Of course, there are also a lot of important cases where that N isn't quite
large enough to justify the normal distribution, or where the quantity of
interest is not a sum of a large number of small effects, so the CLT doesn't
apply at all.

------
jkyle
The scenario presented by the author seems more explicit and nefarious than
the typical "p-hunting" that I've seen in academia. Though I've seen the
situation he presents, successively trying different models or parameters
until you find the expected effect, it's pretty obviously unethical.

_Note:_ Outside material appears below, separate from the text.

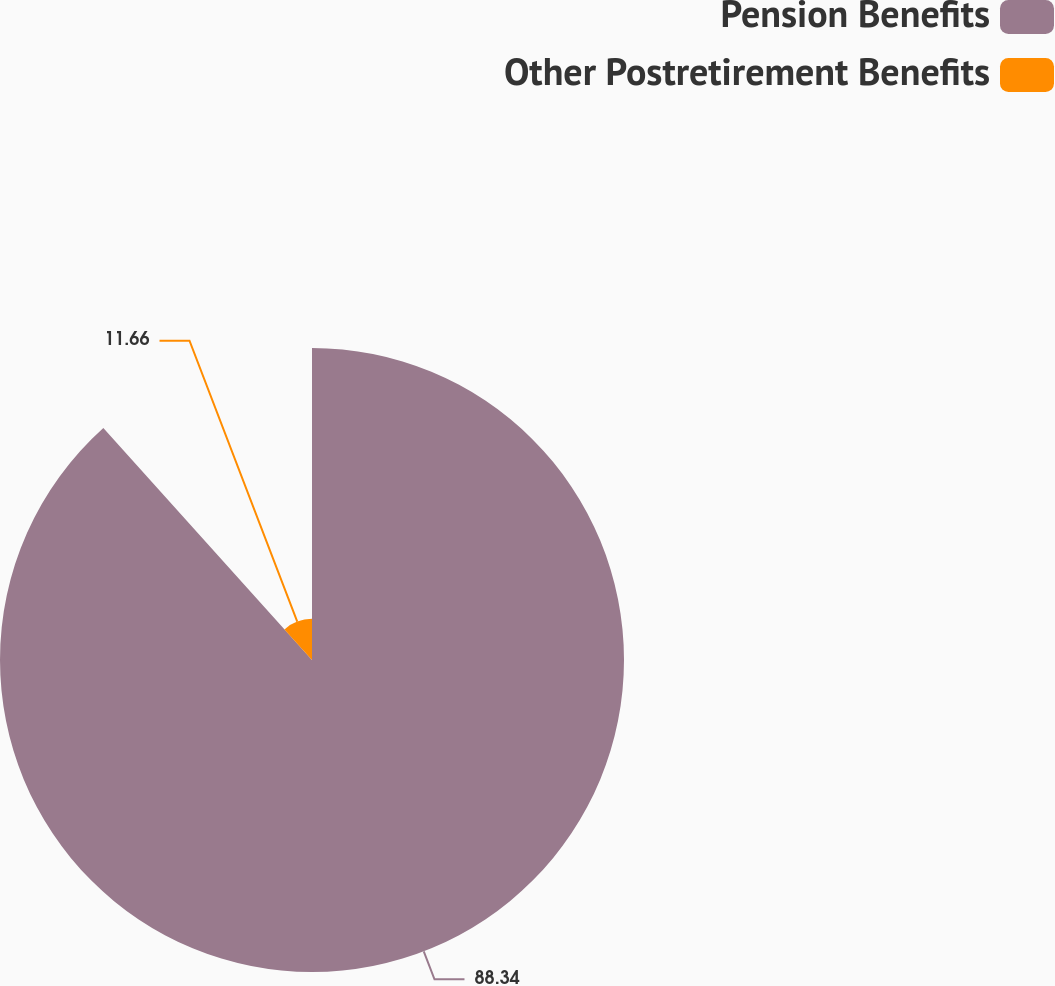<chart> <loc_0><loc_0><loc_500><loc_500><pie_chart><fcel>Pension Benefits<fcel>Other Postretirement Benefits<nl><fcel>88.34%<fcel>11.66%<nl></chart> 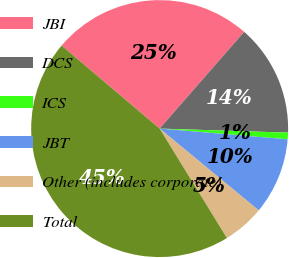<chart> <loc_0><loc_0><loc_500><loc_500><pie_chart><fcel>JBI<fcel>DCS<fcel>ICS<fcel>JBT<fcel>Other (includes corporate)<fcel>Total<nl><fcel>25.24%<fcel>14.07%<fcel>0.83%<fcel>9.66%<fcel>5.24%<fcel>44.95%<nl></chart>

What I've seen much, much more of goes something like this. Say your lab does
research that requires a very large quantity of data that's very expensive to
acquire. In academia, labor is relatively cheap and funding can be difficult
to come by. So a dataset that consumed potentially 100's of thousands of
funding dollars represents a significant resource investment.

So what do you do when the study is done? You try to figure out every way
possible to reuse that data. And the most common way of doing that is running
it using previous models looking for effects...enough people keep looking long
enough and, voila!, you find a significance.

In the end, it's the same bias. But the motivation is different and when I've
pointed out this is "p-hunting" most just give a blank stare.

------
solve
Modern machine learning replaced it. Or rather, relegated statistics to a
small subset of a wider field, only to be used for increasingly smaller subset
of tasks.

------
pXMzR2A
Step 1: Establish disciplines that ridicule radical criticism.

Step 2: Hire undergraduate math/stats students who took criticism courses at
gun point and hated them.

Step 3: ...

Step 4: "OMG Ponies and revolution"

Sir, you do not need a revolution, because it has already occured. You simply
need employees who have read critical approaches to statistics AS AN INTEGRAL
PART of their stats education. Those people are usually in

\- feminist studies (did the requested stats revolution)

\- gender studies (ibid, different name)

\- women's studies (ibid, different name)

\- lgbt studies (exploded feminist studies ftw)

\- african american studies (ibid)

\- critical studies (sociology, know of mainstream criticism only)

\- american studies (good with convoluted language)

------
gmcrews
And why we probably won't get one.

------
zootam
first thing we need is increased literacy in statistics.

if people actually understood they need to question the validity of statistics
presented to them before making conclusions and based on those possibly faulty
statistics, we'd be much better off.

------
oakwood
Terribly written article. This guys lives in an academic cave.